→ Exercise details:
Across the listing below, how many lines contain the string "object"? Only the number is needed.

→ Task input:
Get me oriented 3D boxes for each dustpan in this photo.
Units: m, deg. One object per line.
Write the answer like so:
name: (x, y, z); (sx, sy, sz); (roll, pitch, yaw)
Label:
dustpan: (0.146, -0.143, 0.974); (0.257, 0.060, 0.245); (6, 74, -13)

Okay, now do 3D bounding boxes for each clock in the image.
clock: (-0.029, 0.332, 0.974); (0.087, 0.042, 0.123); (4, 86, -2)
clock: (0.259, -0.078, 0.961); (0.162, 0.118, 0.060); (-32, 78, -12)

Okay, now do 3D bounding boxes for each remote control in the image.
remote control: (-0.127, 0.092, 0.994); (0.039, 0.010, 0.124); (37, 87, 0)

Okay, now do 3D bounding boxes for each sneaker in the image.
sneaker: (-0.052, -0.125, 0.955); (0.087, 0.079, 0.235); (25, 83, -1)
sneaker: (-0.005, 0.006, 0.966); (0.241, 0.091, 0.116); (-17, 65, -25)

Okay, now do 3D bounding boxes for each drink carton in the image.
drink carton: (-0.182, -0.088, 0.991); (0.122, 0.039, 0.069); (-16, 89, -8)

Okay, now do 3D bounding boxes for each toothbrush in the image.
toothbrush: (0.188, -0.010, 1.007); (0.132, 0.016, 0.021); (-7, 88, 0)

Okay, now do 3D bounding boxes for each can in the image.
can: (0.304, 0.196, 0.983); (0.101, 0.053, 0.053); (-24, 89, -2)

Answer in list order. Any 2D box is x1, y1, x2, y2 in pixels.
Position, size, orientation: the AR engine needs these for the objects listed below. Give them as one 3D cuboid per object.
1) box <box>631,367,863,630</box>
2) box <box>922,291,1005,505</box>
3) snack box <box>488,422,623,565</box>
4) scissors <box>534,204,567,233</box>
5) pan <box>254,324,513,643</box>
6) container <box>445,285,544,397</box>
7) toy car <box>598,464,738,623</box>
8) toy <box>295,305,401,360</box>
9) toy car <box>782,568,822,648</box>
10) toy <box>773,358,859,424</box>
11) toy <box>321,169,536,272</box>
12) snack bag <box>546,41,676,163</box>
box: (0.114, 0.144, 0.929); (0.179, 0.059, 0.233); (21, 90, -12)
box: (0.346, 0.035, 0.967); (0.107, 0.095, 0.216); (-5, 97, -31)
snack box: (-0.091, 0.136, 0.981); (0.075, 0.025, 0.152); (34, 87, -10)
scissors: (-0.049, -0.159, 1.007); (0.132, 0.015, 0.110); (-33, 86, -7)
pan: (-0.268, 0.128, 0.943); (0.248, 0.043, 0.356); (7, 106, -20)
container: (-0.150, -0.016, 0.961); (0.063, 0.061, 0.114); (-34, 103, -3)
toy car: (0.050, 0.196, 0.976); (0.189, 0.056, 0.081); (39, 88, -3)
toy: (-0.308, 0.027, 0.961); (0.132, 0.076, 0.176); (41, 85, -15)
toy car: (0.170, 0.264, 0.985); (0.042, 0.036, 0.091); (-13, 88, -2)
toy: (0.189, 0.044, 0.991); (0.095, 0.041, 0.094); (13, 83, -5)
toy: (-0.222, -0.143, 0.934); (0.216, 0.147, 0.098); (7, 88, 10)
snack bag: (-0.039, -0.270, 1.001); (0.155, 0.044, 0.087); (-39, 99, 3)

→ Exercise output:
2